(ACTIVITY) Set down the line containing "And the car (1331,568,2161,1228)." and every line that follows it in the listing below, exactly as written and with nothing added.

*** EXERCISE DATA Section Begins ***

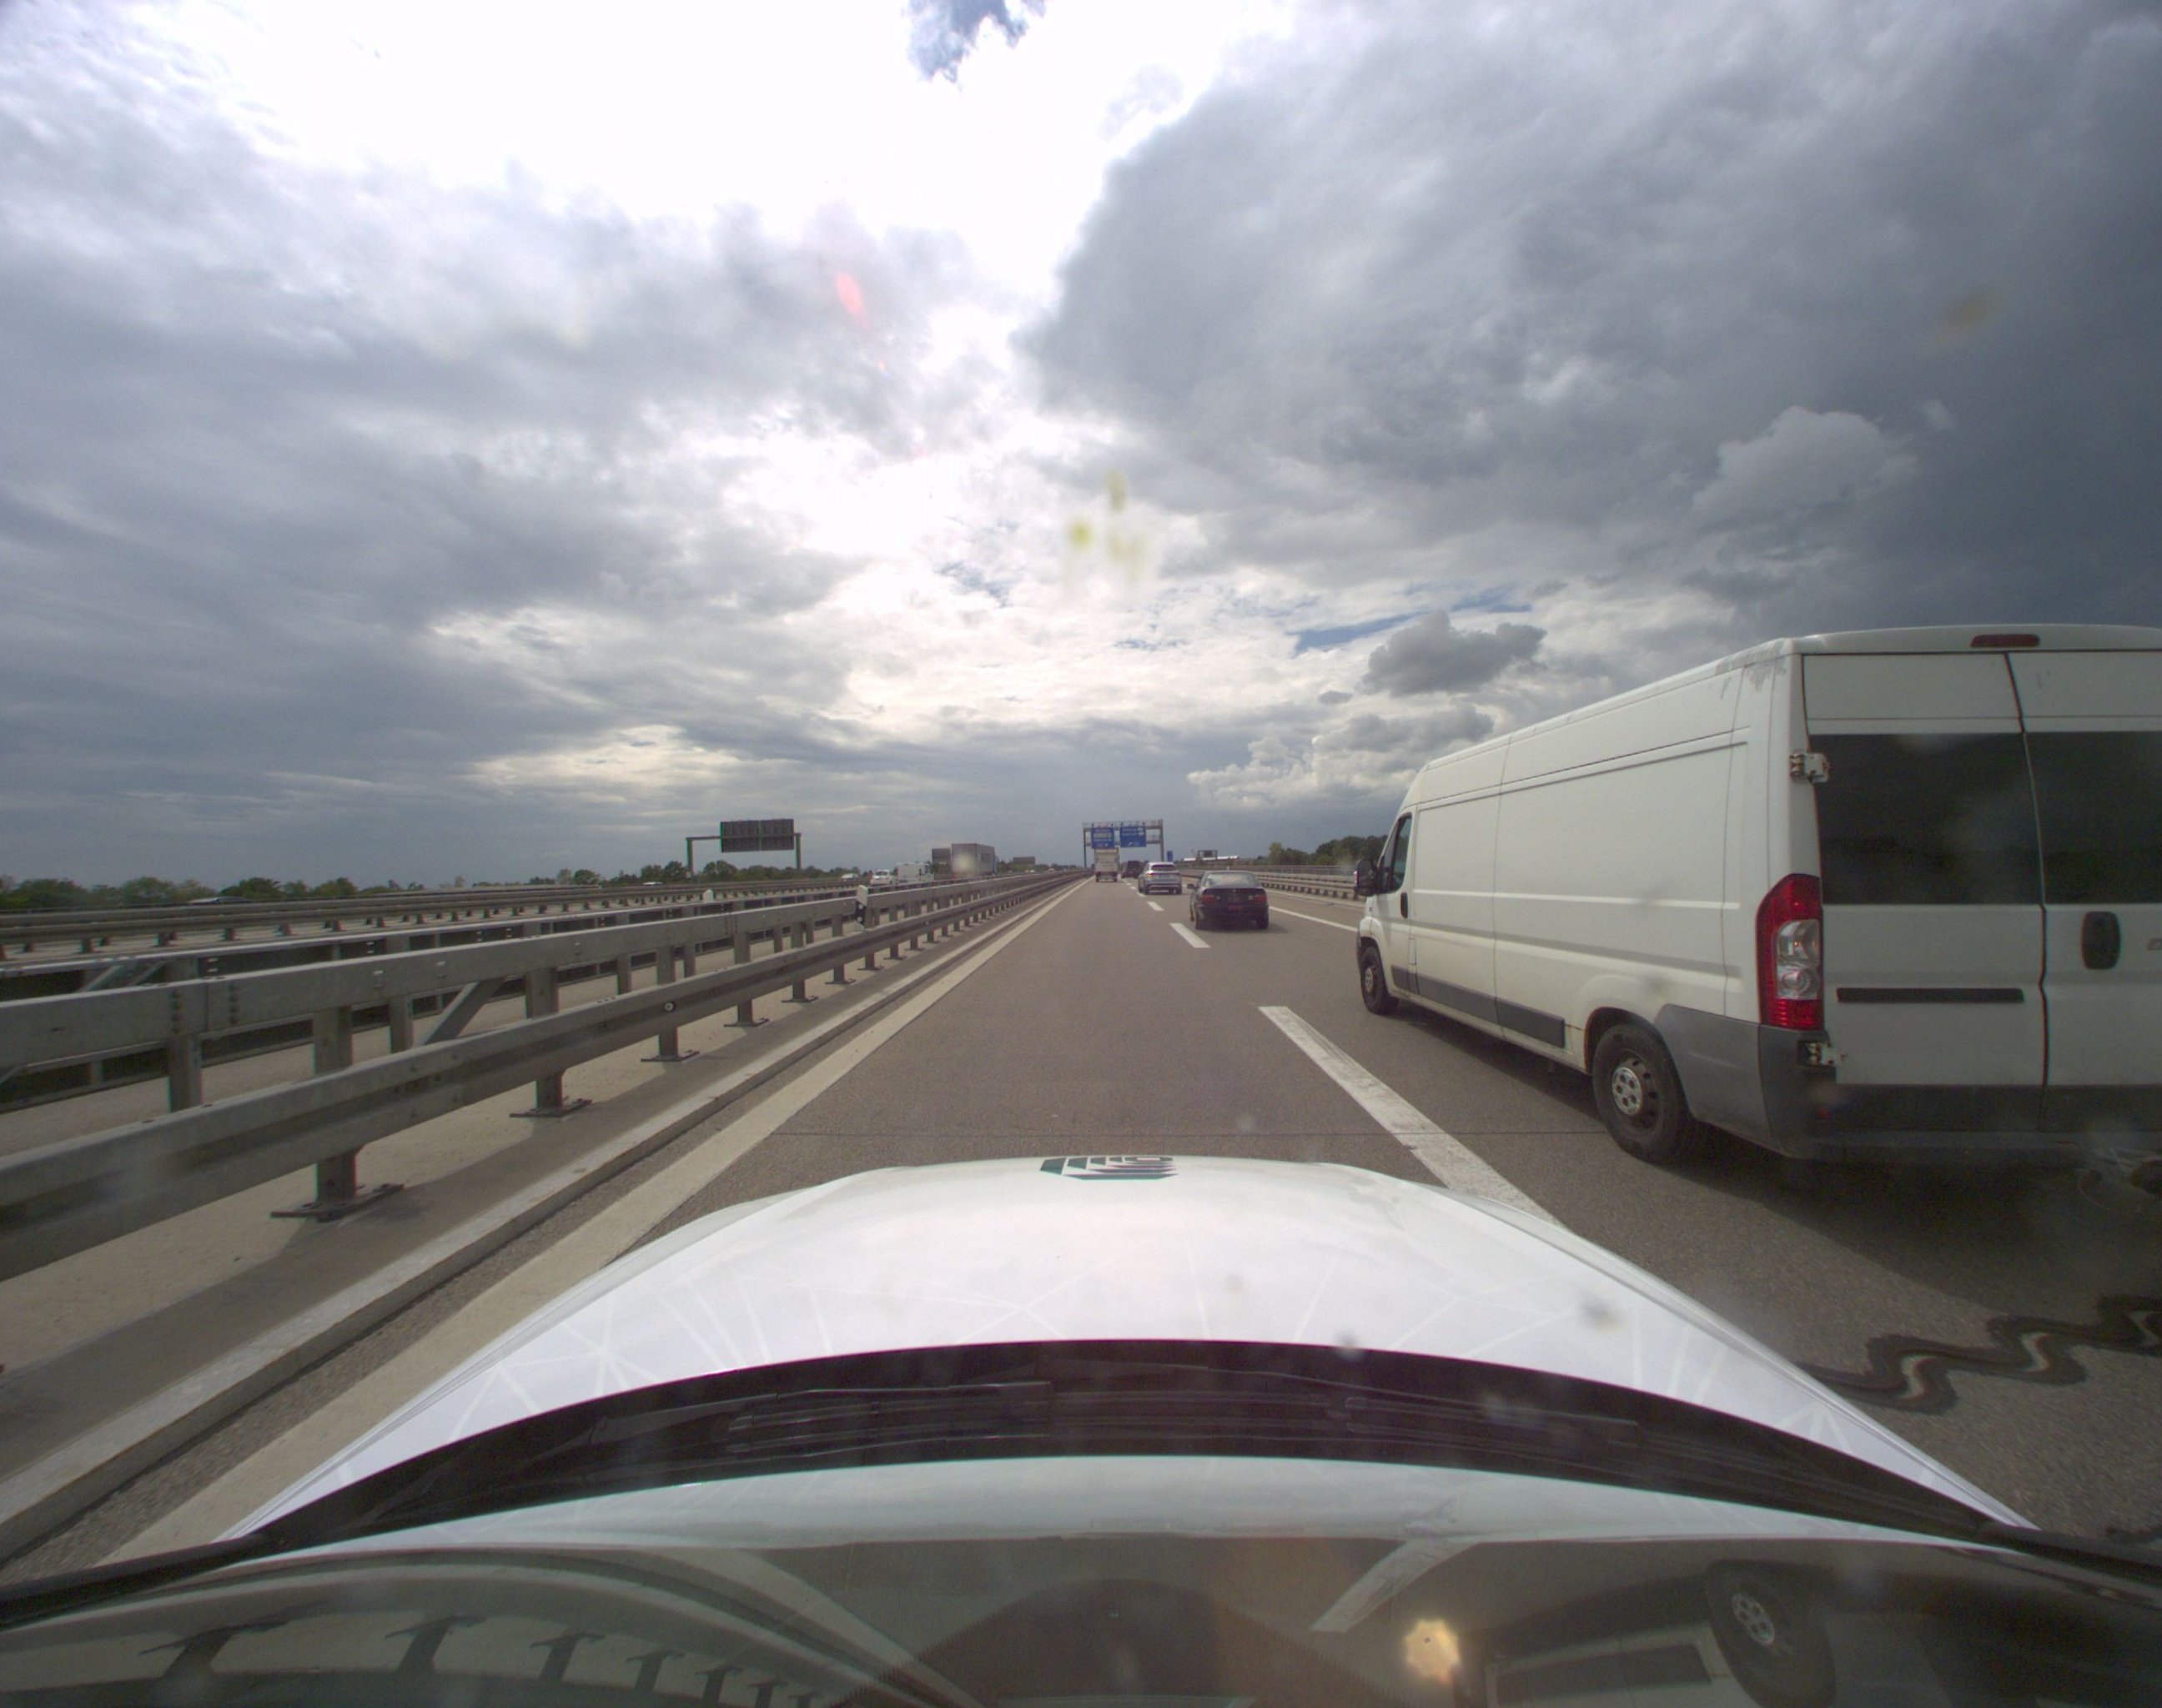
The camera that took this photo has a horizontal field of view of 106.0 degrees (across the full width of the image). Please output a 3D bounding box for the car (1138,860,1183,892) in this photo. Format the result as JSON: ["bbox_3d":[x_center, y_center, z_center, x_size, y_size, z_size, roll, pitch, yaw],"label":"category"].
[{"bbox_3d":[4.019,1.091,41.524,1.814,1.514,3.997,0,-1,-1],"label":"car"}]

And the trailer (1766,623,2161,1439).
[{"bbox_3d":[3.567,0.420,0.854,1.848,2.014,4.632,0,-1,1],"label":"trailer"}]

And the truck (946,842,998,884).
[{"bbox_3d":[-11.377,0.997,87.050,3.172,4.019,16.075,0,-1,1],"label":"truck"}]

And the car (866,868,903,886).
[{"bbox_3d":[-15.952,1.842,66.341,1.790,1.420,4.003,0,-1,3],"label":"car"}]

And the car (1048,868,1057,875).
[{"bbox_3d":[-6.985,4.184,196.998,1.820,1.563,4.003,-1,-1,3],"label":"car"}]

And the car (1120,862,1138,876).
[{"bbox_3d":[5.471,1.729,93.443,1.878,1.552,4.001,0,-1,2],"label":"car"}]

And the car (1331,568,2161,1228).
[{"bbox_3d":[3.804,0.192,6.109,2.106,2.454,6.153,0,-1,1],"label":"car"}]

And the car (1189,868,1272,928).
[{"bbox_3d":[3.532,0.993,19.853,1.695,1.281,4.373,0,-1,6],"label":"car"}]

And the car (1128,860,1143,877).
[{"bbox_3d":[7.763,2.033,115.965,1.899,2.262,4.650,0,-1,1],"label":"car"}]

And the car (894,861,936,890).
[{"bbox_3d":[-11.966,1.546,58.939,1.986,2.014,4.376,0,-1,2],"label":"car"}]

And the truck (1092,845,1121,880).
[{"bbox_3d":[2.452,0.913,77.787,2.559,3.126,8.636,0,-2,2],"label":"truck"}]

*** EXERCISE DATA Section Ends ***

(TASK RESULT)
And the car (1331,568,2161,1228).
[{"bbox_3d":[3.804,0.192,6.109,2.106,2.454,6.153,0,-1,1],"label":"car"}]

And the car (1189,868,1272,928).
[{"bbox_3d":[3.532,0.993,19.853,1.695,1.281,4.373,0,-1,6],"label":"car"}]

And the car (1128,860,1143,877).
[{"bbox_3d":[7.763,2.033,115.965,1.899,2.262,4.650,0,-1,1],"label":"car"}]

And the car (894,861,936,890).
[{"bbox_3d":[-11.966,1.546,58.939,1.986,2.014,4.376,0,-1,2],"label":"car"}]

And the truck (1092,845,1121,880).
[{"bbox_3d":[2.452,0.913,77.787,2.559,3.126,8.636,0,-2,2],"label":"truck"}]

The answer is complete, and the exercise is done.